Françoise David dénonce le recul de la CAQ sur la réforme du mode de scrutin

MONTRÉAL — «Ce gouvernement est beaucoup trop puissant par rapport au nombre de votes qu’il a réellement obtenus. C’est trop.»

C’est sur le ton calme et posé qu’on lui connaît que Françoise David porte ce jugement sans complaisance, qui ne vise pas tant le gouvernement de François Legault lui-même que le mode de scrutin qui lui a donné ce pouvoir et son refus de le réformer malgré ses promesses de le faire.
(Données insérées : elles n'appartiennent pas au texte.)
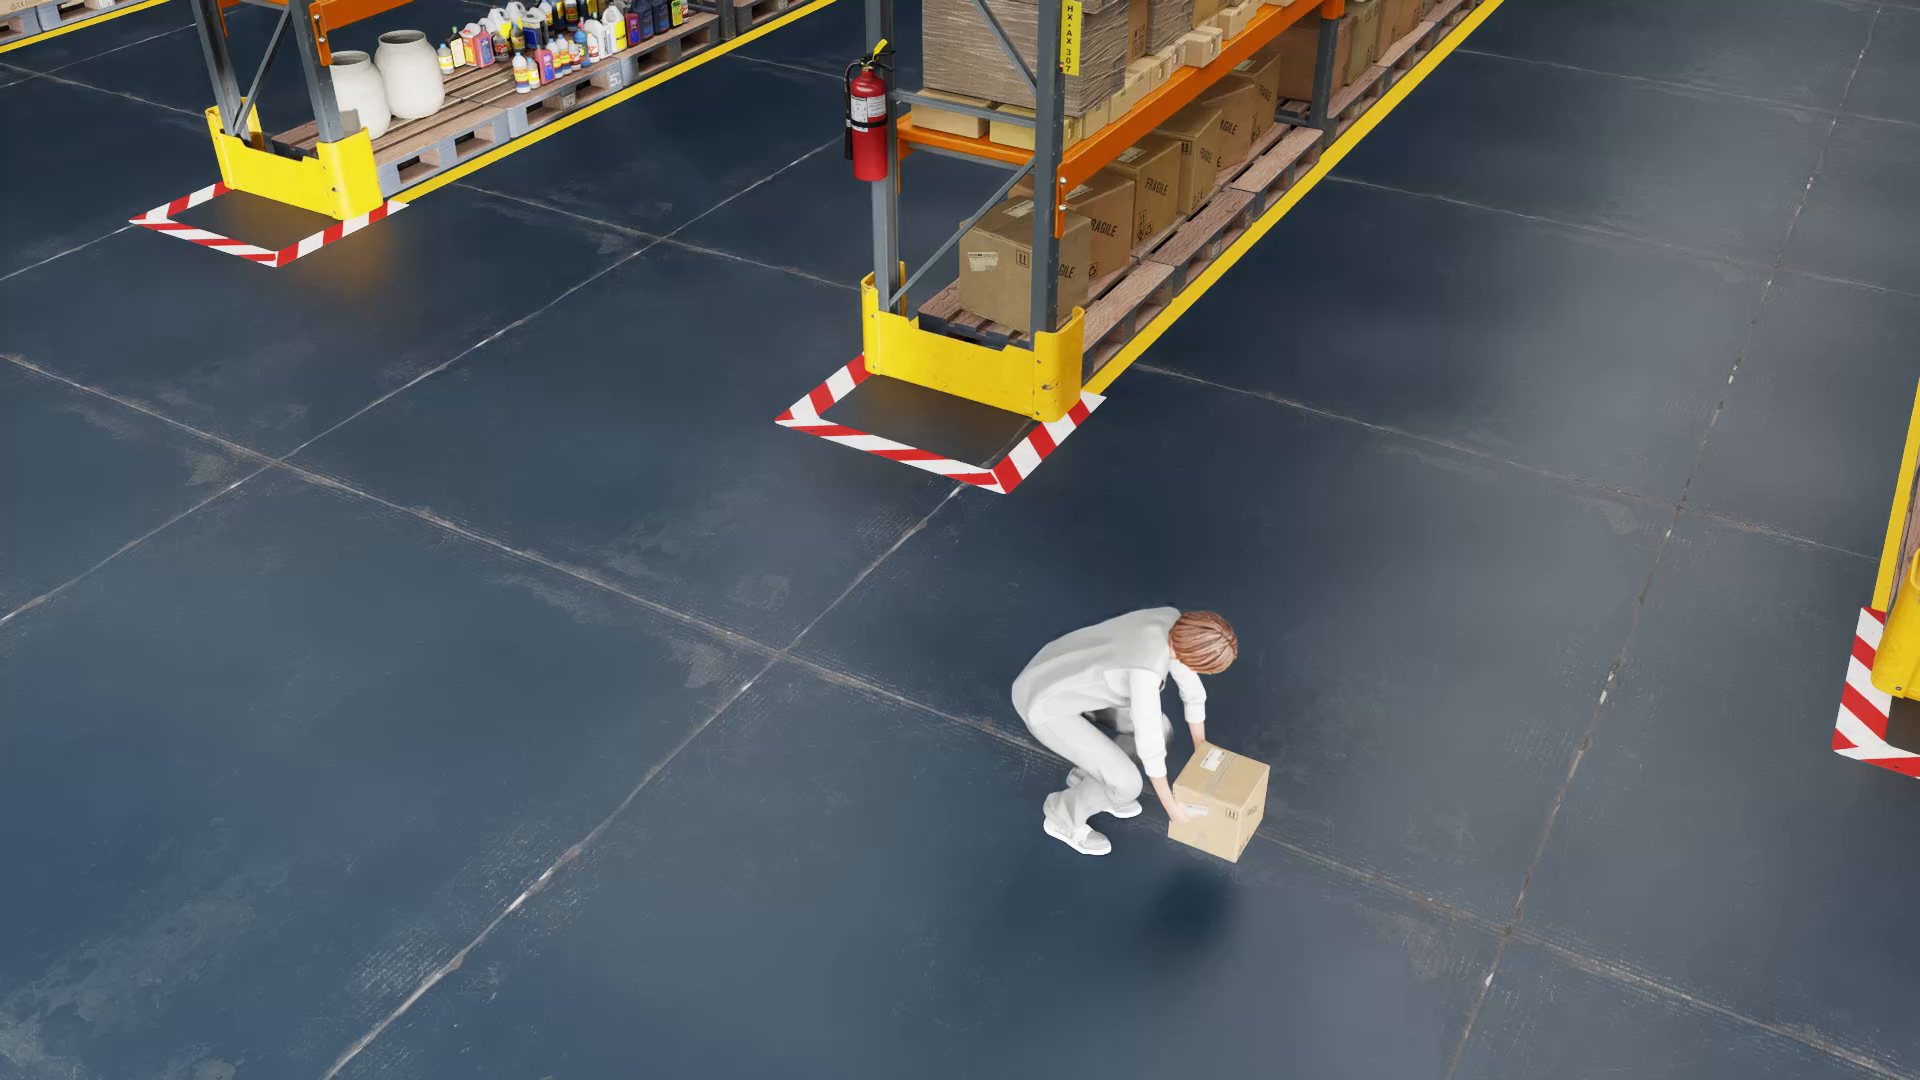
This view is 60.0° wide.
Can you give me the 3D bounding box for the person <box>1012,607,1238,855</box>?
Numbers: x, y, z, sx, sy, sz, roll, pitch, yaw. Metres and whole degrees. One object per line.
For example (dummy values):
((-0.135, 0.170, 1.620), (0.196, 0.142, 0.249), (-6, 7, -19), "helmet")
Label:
((0.557, 0.610, 5.761), (0.757, 1.039, 0.457), (18, 38, 24), "person")

Dans un entretien à bâtons rompus avec La Presse Canadienne, la cofondatrice de Québec solidaire et ex-députée de Gouin ne cache pas sa déception devant la distorsion de l’élection de 2022 où la Coalition avenir Québec a obtenu près des trois quarts des sièges à l’Assemblée nationale avec une minorité de votes. «N’oubliez pas que ce total de 90 députés (sur 125) a été obtenu avec 41 % des voix. Et avec 41 % des voix, ils ont un pouvoir incalculable. Ça n’a aucun sens, parce que l’autre quasiment 60 % des gens, ils sont très peu représentés. C’est ça, le mode de scrutin qu’on a.»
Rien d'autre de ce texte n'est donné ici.